The Commonwealth Fund

 In North Carolina, what businesses pay in health care premiums has been growing at a much slower rate since the Affordable Care Act passed. But that's not resulting in cheaper costs for most families, according to a report Thursday from The Commonwealth Fund, a private research foundation.

The report shines light on how premiums are changing in the health insurance market that impacts the most people – the employer market.

Cathy Schoen is the lead author of the report, which relied on federal government data.

“Overall the study finds that there has indeed been a marked slowdown in rate of growth of health care premium costs,” Schoen says. “It's occurred in the vast majority of states.”

In North Carolina, the average annual growth for family coverage was 3.3 percent from 2010, when Obamacare passed, to 2013. That's about half what it was in the seven years before Obamacare. The average annual growth for single coverage has slowed down even more, according to the report.

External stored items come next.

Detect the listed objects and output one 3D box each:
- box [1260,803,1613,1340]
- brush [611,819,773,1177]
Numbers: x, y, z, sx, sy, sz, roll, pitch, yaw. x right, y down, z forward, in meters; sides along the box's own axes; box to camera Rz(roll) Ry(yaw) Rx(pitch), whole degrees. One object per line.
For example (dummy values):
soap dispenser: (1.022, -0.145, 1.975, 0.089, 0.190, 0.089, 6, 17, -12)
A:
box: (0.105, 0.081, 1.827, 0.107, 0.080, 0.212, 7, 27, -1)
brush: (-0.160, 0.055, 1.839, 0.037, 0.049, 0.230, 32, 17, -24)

But Schoen says that's the total cost of premiums, combining what employers and employees pay.

“From an employee and family perspective, there may be little awareness that premium growth has slowed because the cost they pay directly for their share of premiums and for cost sharing has increased,” she says.

Employees who are single are benefiting somewhat in North Carolina. But the report shows that most employees with family plans are not benefiting – in fact, their share of premiums is growing faster.

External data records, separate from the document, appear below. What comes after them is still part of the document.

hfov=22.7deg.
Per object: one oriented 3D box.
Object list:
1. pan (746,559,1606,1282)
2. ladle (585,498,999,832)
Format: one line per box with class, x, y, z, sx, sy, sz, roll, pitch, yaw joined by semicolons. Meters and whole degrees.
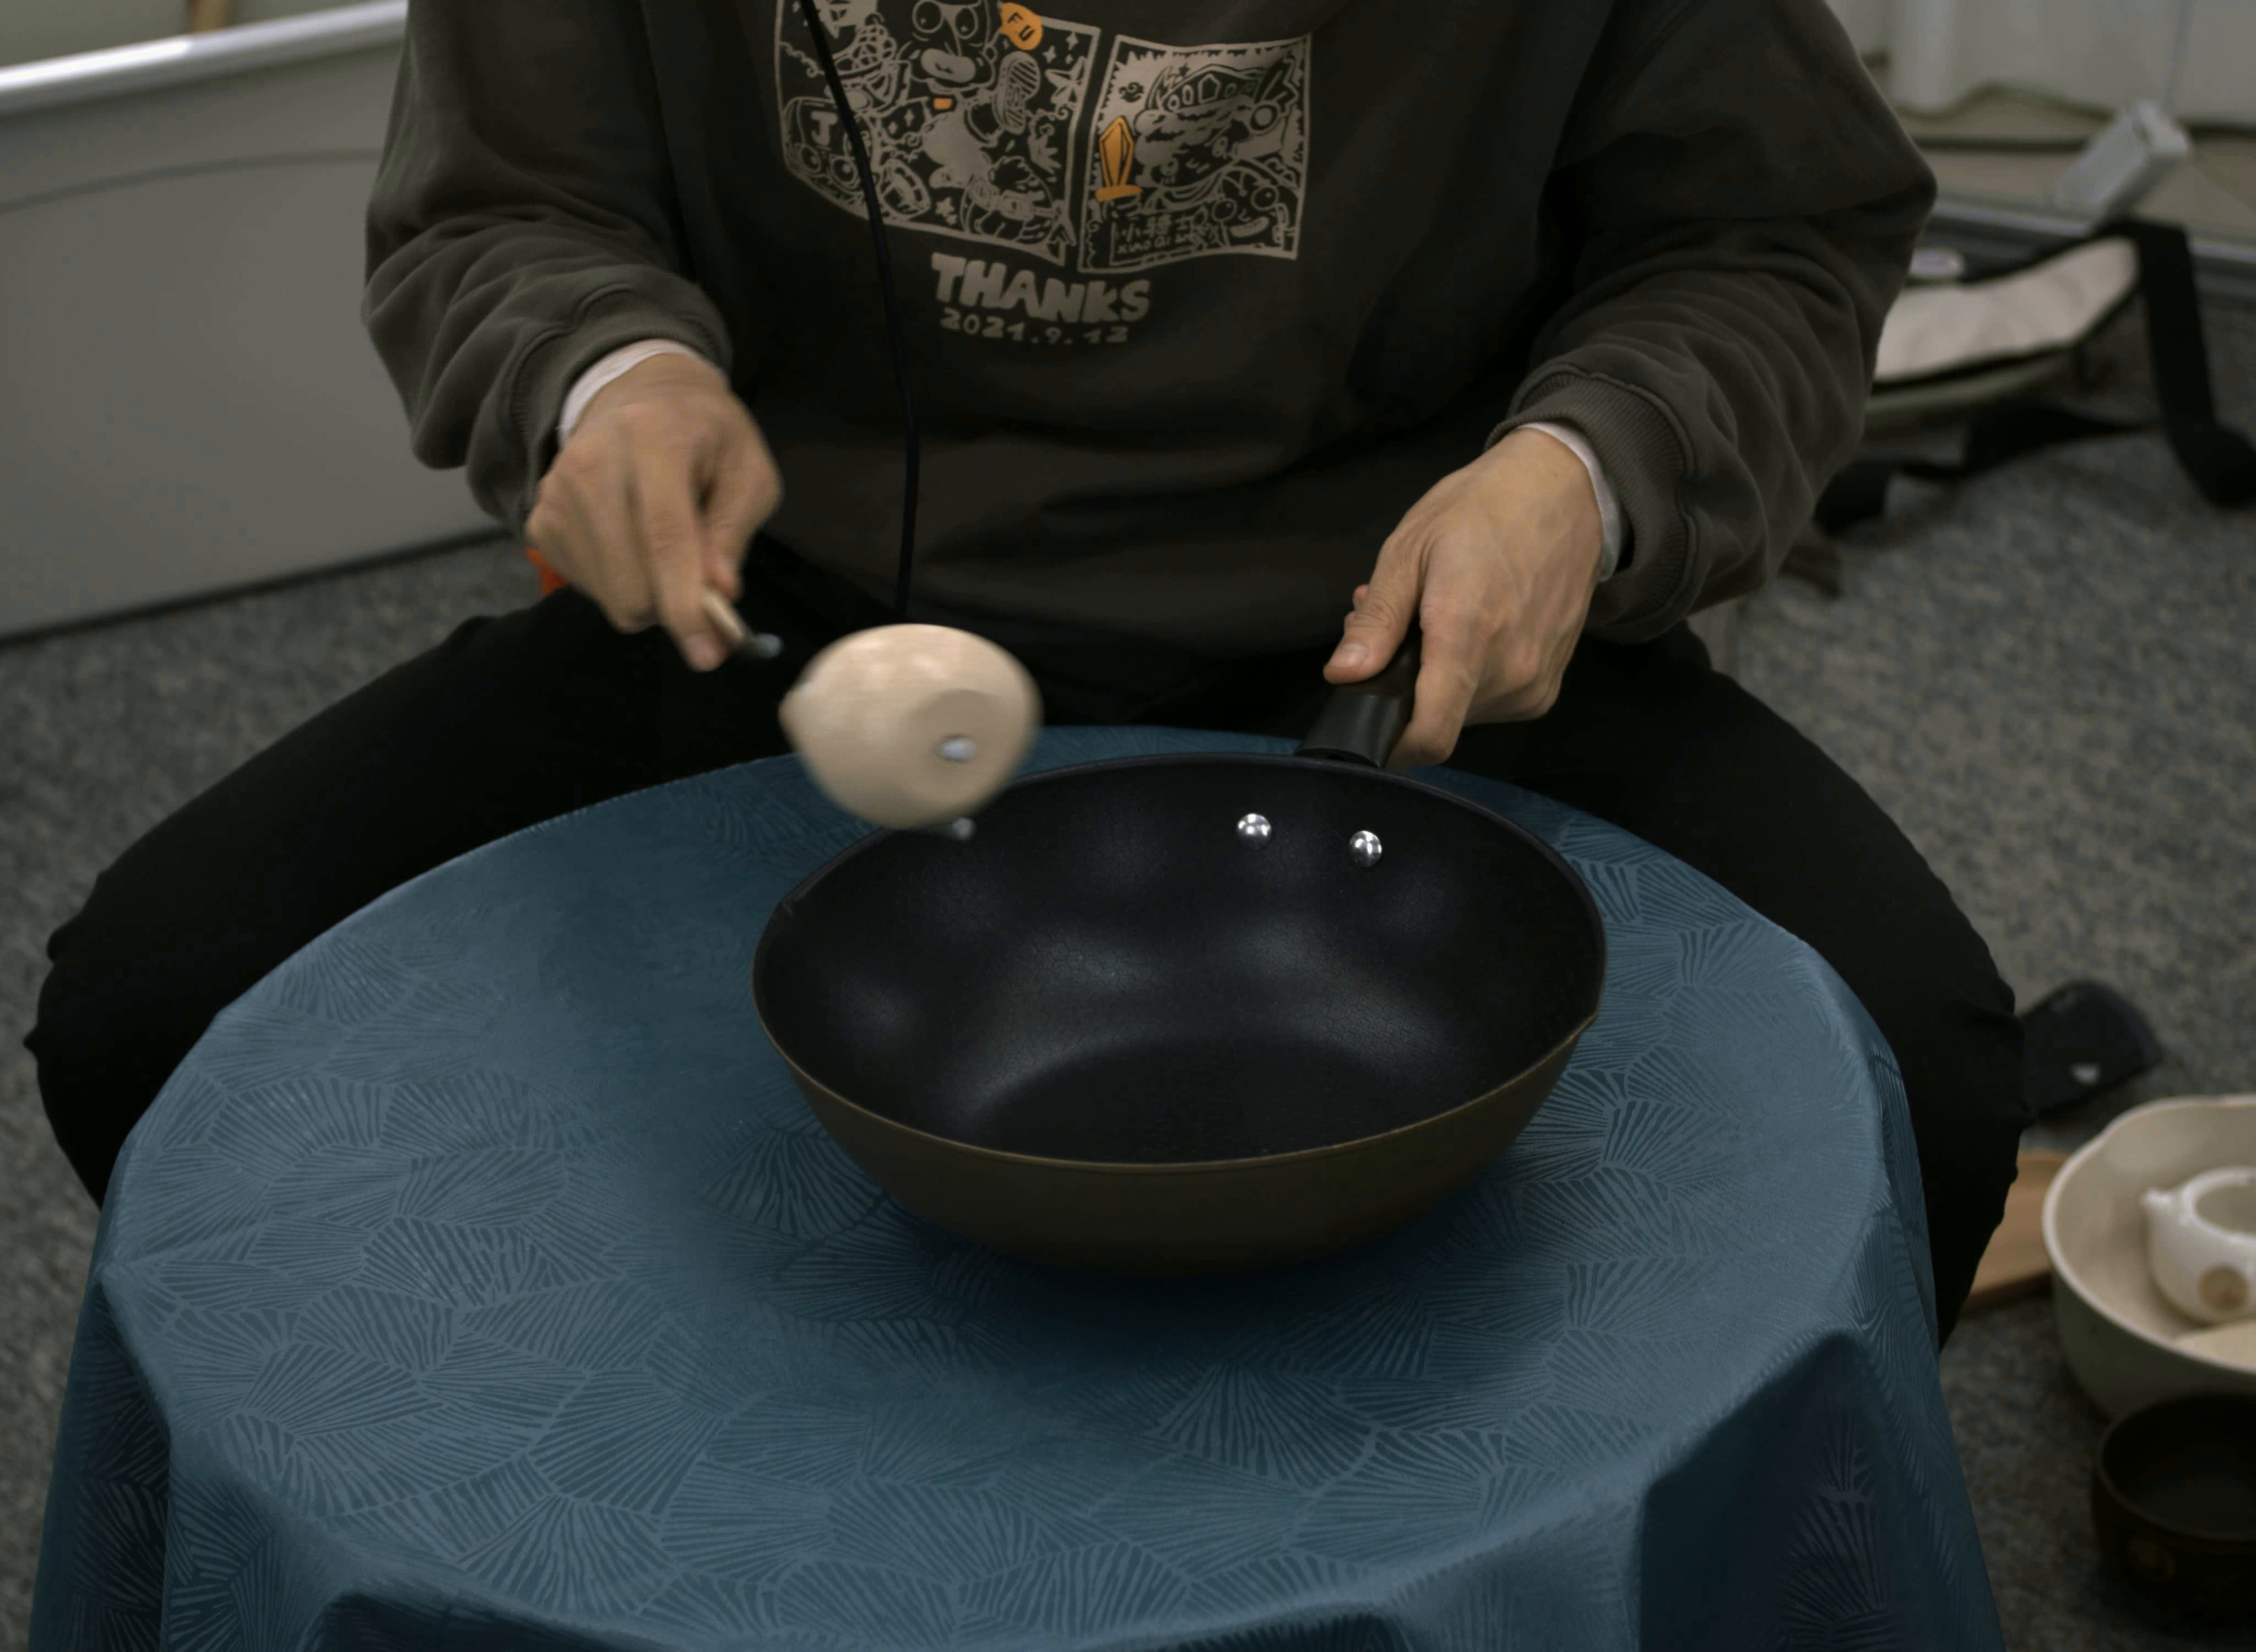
pan;0.050;0.033;1.936;0.286;0.086;0.471;8;29;20
ladle;-0.114;-0.076;1.868;0.073;0.071;0.256;-36;34;-2

“That'd be consistent with what we're seeing,” says Skip Woody, co-founder of Hill, Chesson and Woody, which helps North Carolina businesses decide what benefits to offer.

“They have slowly been focusing on: I'm going to pay less of the cost of family coverage, and I'm going to pay as much or more of the cost of single coverage,” Woody says.

He says Obamacare requires businesses to keep single coverage affordable, defined as less than 9.5 percent of that employee's wages.

But he points out that requirement is new, and this trend started years ago when the economy tanked.  

“As employers looked for ways to control costs - they needed to because their businesses weren't doing as well - so they adjusted benefits downwards,” Woody says. “They increased deductibles. They increased co-pays.”

Those are changes that decreased their premiums.

Although families may not see the savings, The Commonwealth Fund report is the latest evidence that health care costs are slowing. (Actuaries from the Centers for Medicare and Medicaid Services have also documented this trend.) 

A key thing to watch is whether that growth picks back up now that the economy has.